De Blasio’s win was widely described as a ‘leftward shift’ behind a man the New York Times calls an ‘audacious liberal’. At the victory party in his trendy Park Slope neighborhood of Brooklyn, de Blasio entered the stage to the pounding beats of Lorde’s anti-consumerist anthem ‘Royals‘, and proclaimed the city would be set on a ‘progressive path’. He reiterated his campaign theme of ‘a tale of two cities’, of rich and poor, saying the city ‘should leave no New Yorker behind’.
Liberals hailed the result as a major triumph, with wider significance beyond the Big Apple. Pundit EJ Dionne said de Blasio’s victory speech ‘will be read as a manifesto for a new progressivism’. Sixties radical Tom Hayden says de Blasio’s support is the ‘latest sign of the shift towards a new populist left in America’.

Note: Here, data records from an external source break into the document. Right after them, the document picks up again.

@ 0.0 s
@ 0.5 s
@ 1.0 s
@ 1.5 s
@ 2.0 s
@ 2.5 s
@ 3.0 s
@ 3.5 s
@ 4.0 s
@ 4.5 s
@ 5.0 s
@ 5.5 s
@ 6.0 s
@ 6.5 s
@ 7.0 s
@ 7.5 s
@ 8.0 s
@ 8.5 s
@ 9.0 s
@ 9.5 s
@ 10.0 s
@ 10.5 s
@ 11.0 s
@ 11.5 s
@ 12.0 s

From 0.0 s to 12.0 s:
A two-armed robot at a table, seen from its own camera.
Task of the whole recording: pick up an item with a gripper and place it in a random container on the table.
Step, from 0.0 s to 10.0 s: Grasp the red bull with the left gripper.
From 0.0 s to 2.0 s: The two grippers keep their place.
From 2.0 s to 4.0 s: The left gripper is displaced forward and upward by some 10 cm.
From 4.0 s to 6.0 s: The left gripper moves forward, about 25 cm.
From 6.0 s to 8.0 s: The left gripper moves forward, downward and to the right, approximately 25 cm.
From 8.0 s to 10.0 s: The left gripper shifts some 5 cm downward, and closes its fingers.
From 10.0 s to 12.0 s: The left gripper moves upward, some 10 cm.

Conservatives agreed that de Blasio’s election was a major turn, but in the wrong direction – towards socialism. They highlighted his trip to Nicaragua to work with the Sandinistas in the late 1980s, and his honeymoon in Cuba in 1994. The New York Post referred to him as ‘Che de Blasio’.

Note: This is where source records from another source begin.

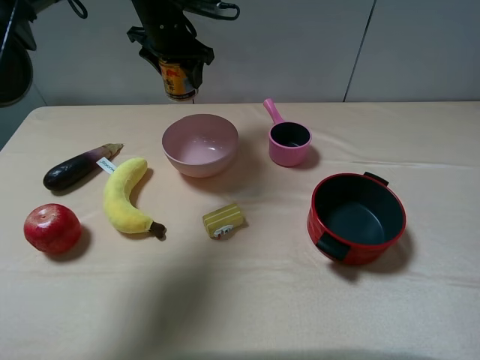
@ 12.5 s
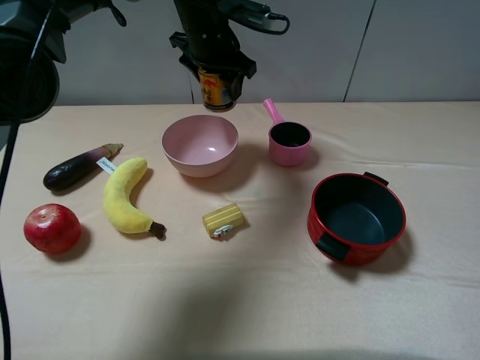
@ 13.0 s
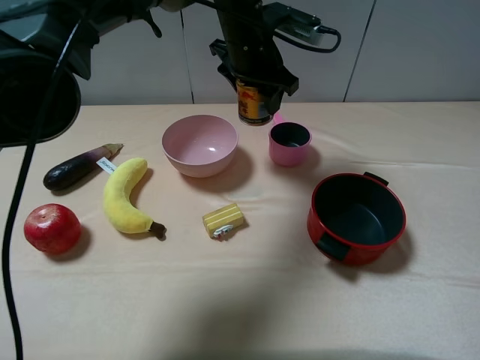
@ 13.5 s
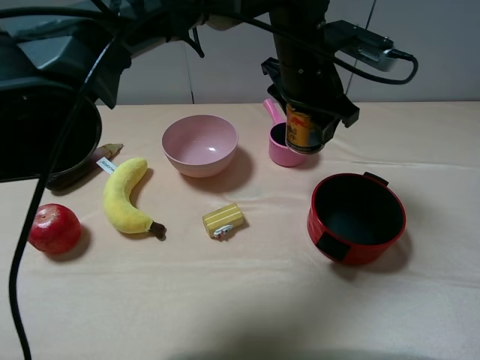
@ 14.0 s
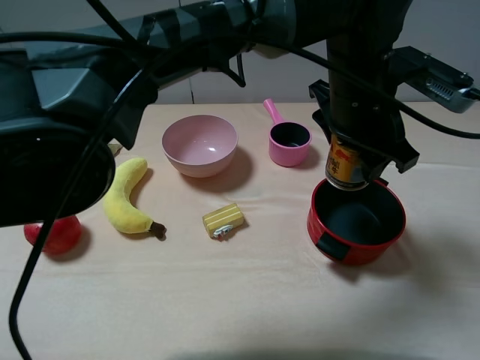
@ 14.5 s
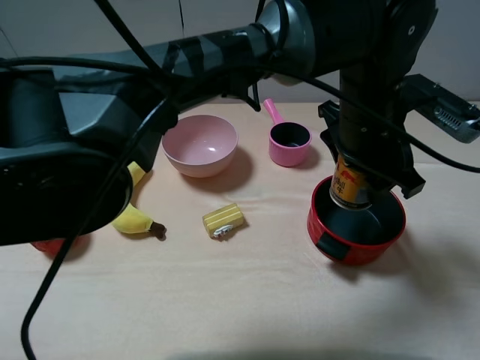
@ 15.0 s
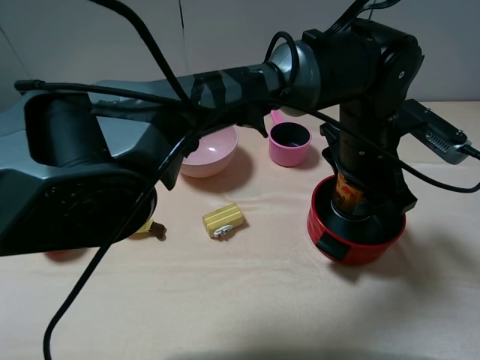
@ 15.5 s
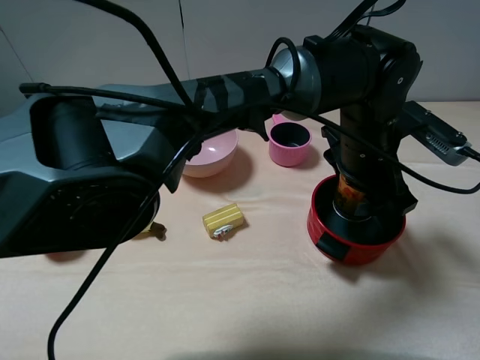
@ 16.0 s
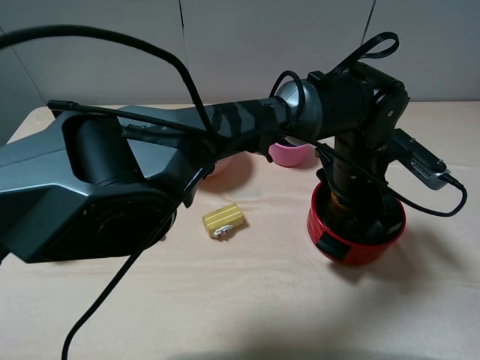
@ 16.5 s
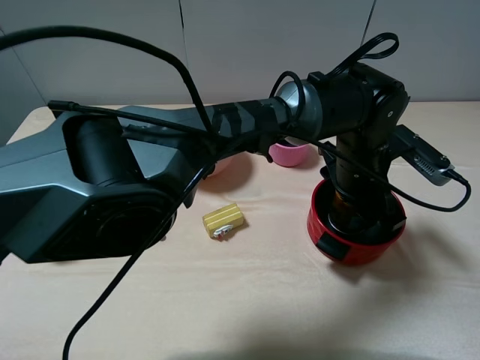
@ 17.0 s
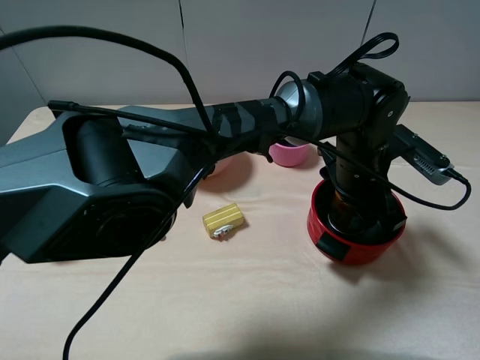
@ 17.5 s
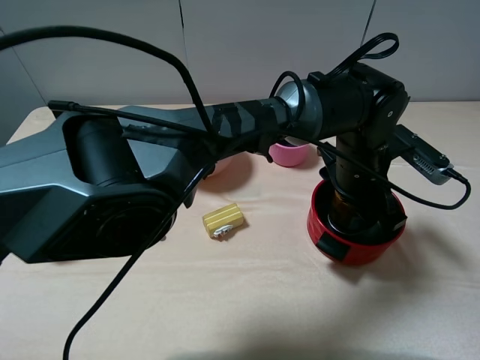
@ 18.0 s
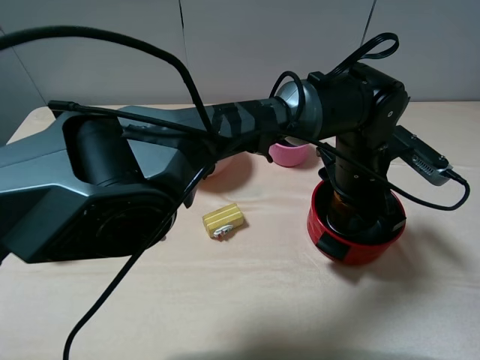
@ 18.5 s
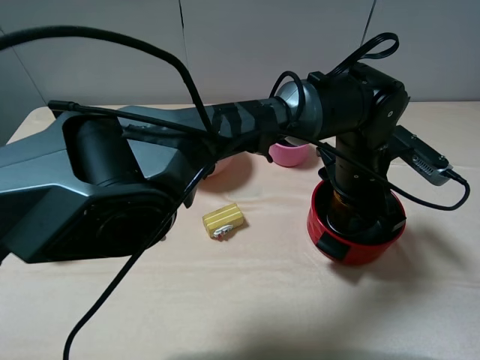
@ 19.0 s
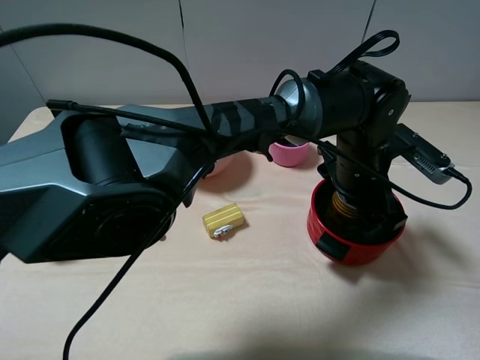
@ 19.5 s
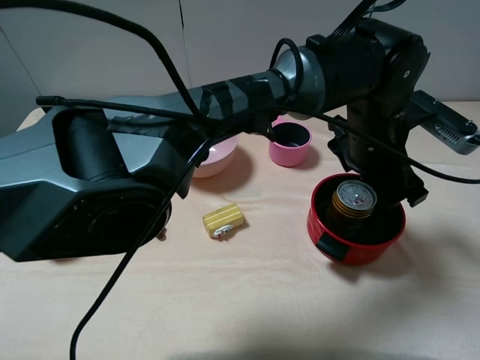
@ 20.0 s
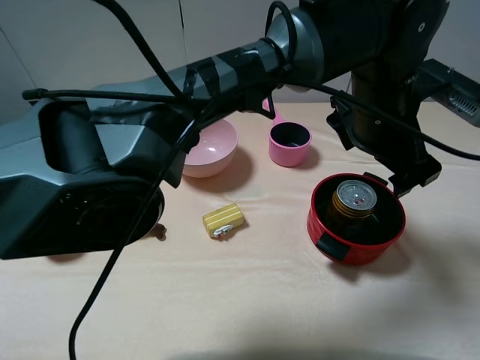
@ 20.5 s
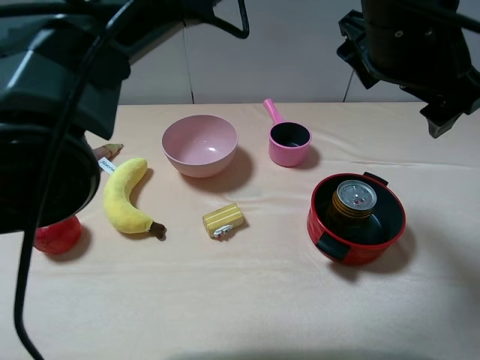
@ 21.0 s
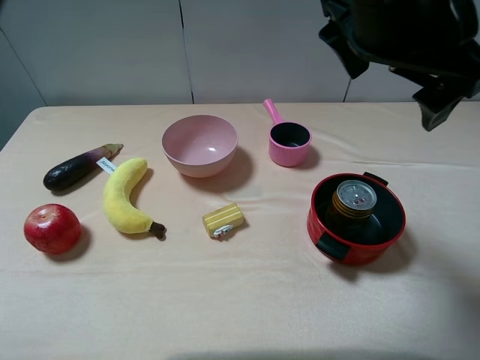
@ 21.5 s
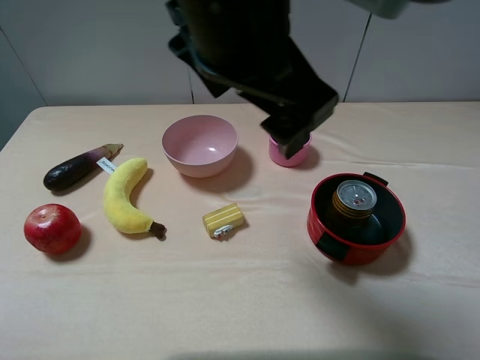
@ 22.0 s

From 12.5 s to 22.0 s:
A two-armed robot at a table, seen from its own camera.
Task of the whole recording: pick up an item with a gripper and place it in a random container on the table.
Step, from 12.5 s to 19.5 s: Place the red bull into the red pot with the left gripper.
From 12.5 s to 14.5 s: The left gripper travels to the right and backward by approximately 35 cm.
From 14.5 s to 16.5 s: The left gripper heads downward, covering approximately 10 cm.
From 16.5 s to 18.0 s: Neither gripper changes place.
From 18.0 s to 20.0 s: The left gripper opens its fingers.
From 20.0 s to 22.0 s: The left gripper heads to the left, upward and backward, covering some 25 cm, and opens up.

Most of all, right-wingers warned that de Blasio would take New York City back to the high crime levels seen before Republican Rudy Giuliani took office in 1993. The only notable thing de Blasio’s opponent, Joe Lhota, did during this year’s election race was to run a hysterical TV ad saying New York would return to pre-Giuliani rioting and mayhem.
The ad fell flat, and so did conservatives’ arguments generally. This was not because New Yorkers had embraced socialism, but because de Blasio’s opponents painted a picture of him and a future New York that few saw as bearing any relation to reality.

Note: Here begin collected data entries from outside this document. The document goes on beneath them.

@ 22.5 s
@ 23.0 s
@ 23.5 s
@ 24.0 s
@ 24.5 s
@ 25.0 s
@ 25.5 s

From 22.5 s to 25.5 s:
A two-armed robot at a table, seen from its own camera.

As it happens, both left and right are endowing de Blasio’s election with more importance than it really has. While conservatives’ only response is to claim erroneously that de Blasio is a blast from the past, liberals peddle the fantasy that de Blasio was swept into power behind a mass movement for progressive change.
Start with the almost accidental way in which the Democratic Party nomination fell into de Blasio’s lap. The Democratic contenders were an ‘only in New York’ circus. Christine Quinn was the long-time frontrunner, raising the possibility of becoming the city’s first lesbian mayor. But when Quinn, the City Council leader, came out of the bureaucratic backroom meetings and into the media spotlight, she lacked a clear message and showed she was not ready for primetime.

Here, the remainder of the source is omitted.